Dans le cadre de cet article, les deux options à prendre en compte sont :
- Access group for users administration node
- Access group for groups administration node
Même si un utilisateur possède les droits Documentum suffisants, il est nécessaire qu'il appartienne au groupe mentionné dans ces paramètres afin de gérer les groupes ou les utilisateurs. Pour cet exemple, il faut donc que l'utilisateur connecté soit membre du groupe admingroup.
Dans la grande majorité des implémentations, cette problématique ne se pose pas car la création des comptes s'effectuent avec le compte docbase owner, membre du groupe admingroup, groupe utilisé par défaut dans ces deux paramètres.
Analyse
Code Java
L'analyse du code source décompilés avec l'outil jd-gui permet de confirmer ce fonctionnement. Les opérations des sauvegardes sont des actions au sens D2.

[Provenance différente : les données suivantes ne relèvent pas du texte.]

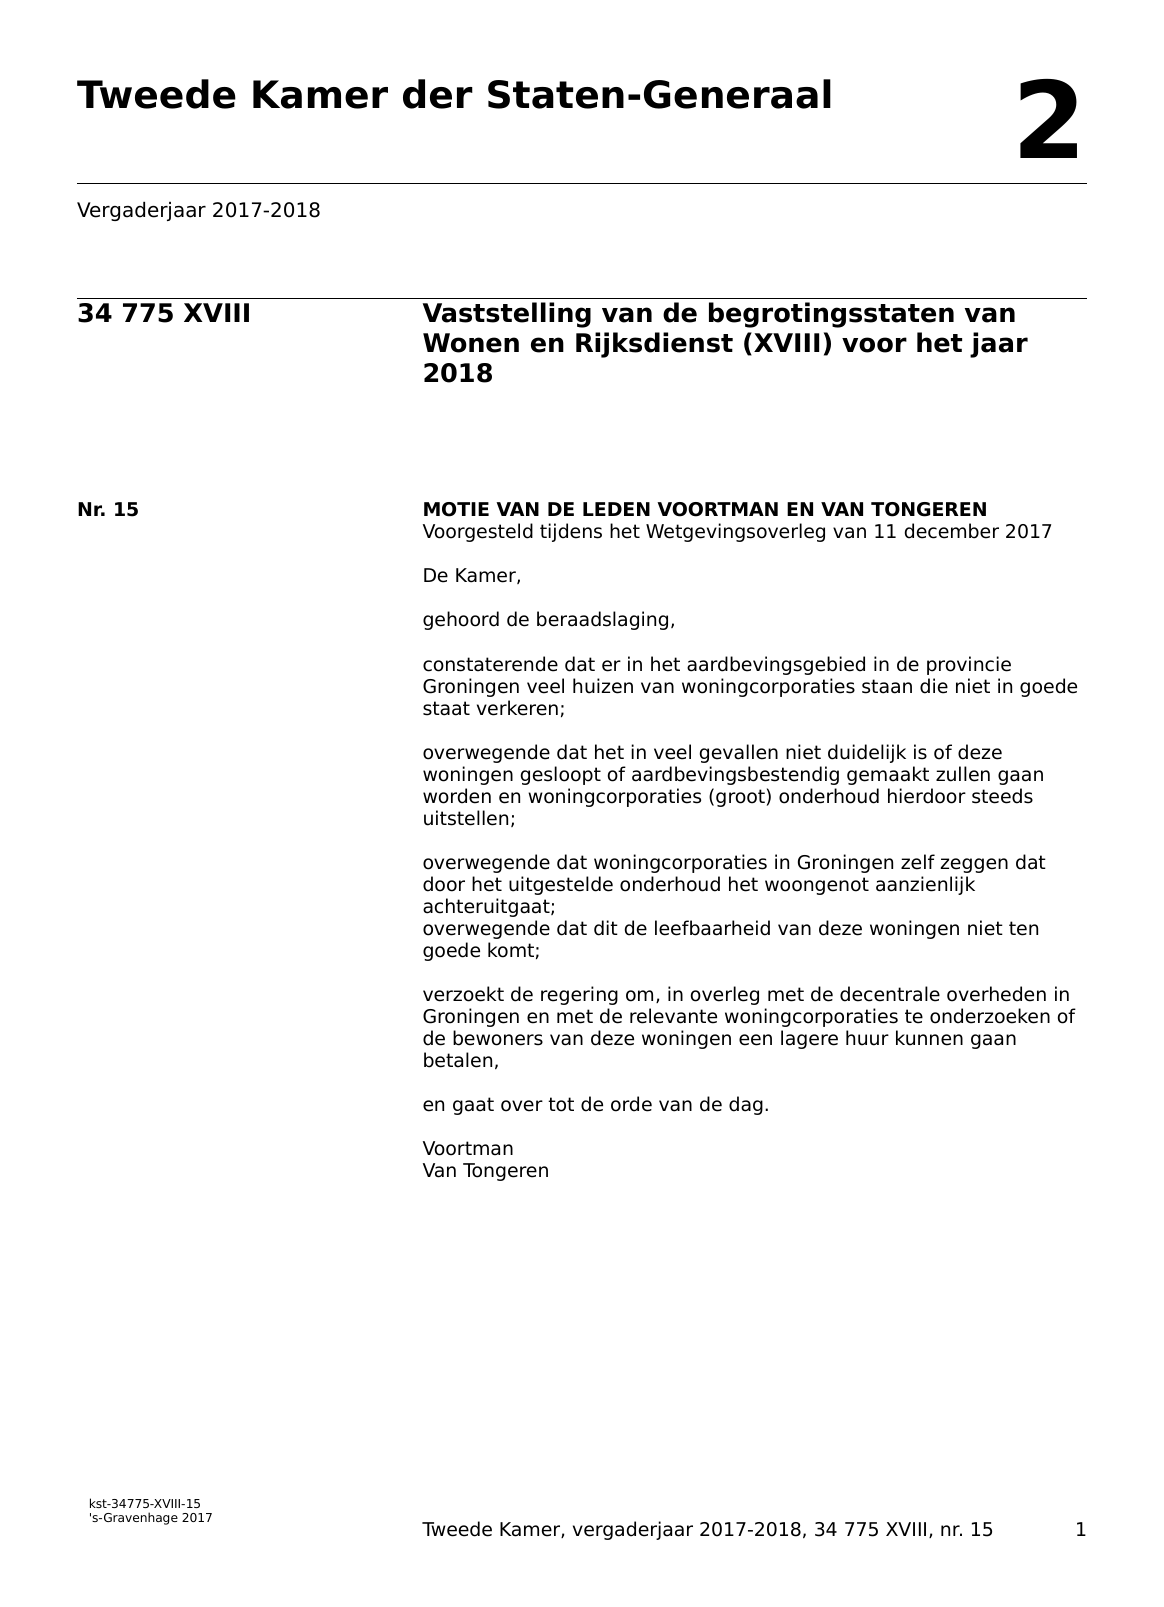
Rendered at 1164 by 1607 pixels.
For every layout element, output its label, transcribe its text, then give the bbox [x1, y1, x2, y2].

text De Kamer, [422, 565, 1087, 587]
text Van Tongeren [422, 1160, 1087, 1182]
table_header Tweede Kamer der Staten-Generaal [77, 59, 886, 183]
text en gaat over tot de orde van de dag. [422, 1094, 1087, 1116]
subtitle 34 775 XVIII Vaststelling van de begrotingsstaten van Wonen en Rijksdienst (XVIII) voor het jaar 2018 [77, 299, 1087, 388]
text overwegende dat woningcorporaties in Groningen zelf zeggen dat door het uitgestelde onderhoud het woongenot aanzienlijk achteruitgaat; [422, 852, 1087, 918]
table_cell Vergaderjaar 2017-2018 [77, 184, 1087, 298]
text 's-Gravenhage 2017 [88, 1511, 323, 1525]
text constaterende dat er in het aardbevingsgebied in de provincie Groningen veel huizen van woningcorporaties staan die niet in goede staat verkeren; [422, 653, 1087, 719]
text kst-34775-XVIII-15 [88, 1497, 323, 1511]
text Voorgesteld tijdens het Wetgevingsoverleg van 11 december 2017 [422, 521, 1087, 543]
text gehoord de beraadslaging, [422, 609, 1087, 631]
table_header 2 [886, 59, 1087, 183]
text overwegende dat dit de leefbaarheid van deze woningen niet ten goede komt; [422, 918, 1087, 962]
text overwegende dat het in veel gevallen niet duidelijk is of deze woningen gesloopt of aardbevingsbestendig gemaakt zullen gaan worden en woningcorporaties (groot) onderhoud hierdoor steeds uitstellen; [422, 742, 1087, 829]
text verzoekt de regering om, in overleg met de decentrale overheden in Groningen en met de relevante woningcorporaties te onderzoeken of de bewoners van deze woningen een lagere huur kunnen gaan betalen, [422, 984, 1087, 1072]
subtitle Nr. 15 MOTIE VAN DE LEDEN VOORTMAN EN VAN TONGEREN [77, 499, 1087, 521]
text Voortman [422, 1138, 1087, 1160]

Dans le cas de la manipulation des groupes, la boîte de dialogue est gérée par une instance de la classe com.emc.d2fs.dctm.dialogs.property.DmGroupDialog dans laquelle se trouve la méthode validDialog.
public XmlNode validDialog(D2fsContext context) throws Exception {
ParameterParser parameterParser = context.getParameterParser();
String sMode = parameterParser.getStringParameter("mode");
if ((sMode != null) && (sMode.equals("create"))) {
return new SaveGroup().executeAction(context);
}
return new D2PropertyService().saveProperties(context);
}C'est du code décompillé, donc nous passerons sur le mode de comparaison de la chaîne de caractères sMode. Pour rappel, une comparaison par rapport à une constante s'effectue en utilisant celle-ci comme premier argument. Cela permet de s'affranchir du test de nullité. Le code aurait pu être celui-ci.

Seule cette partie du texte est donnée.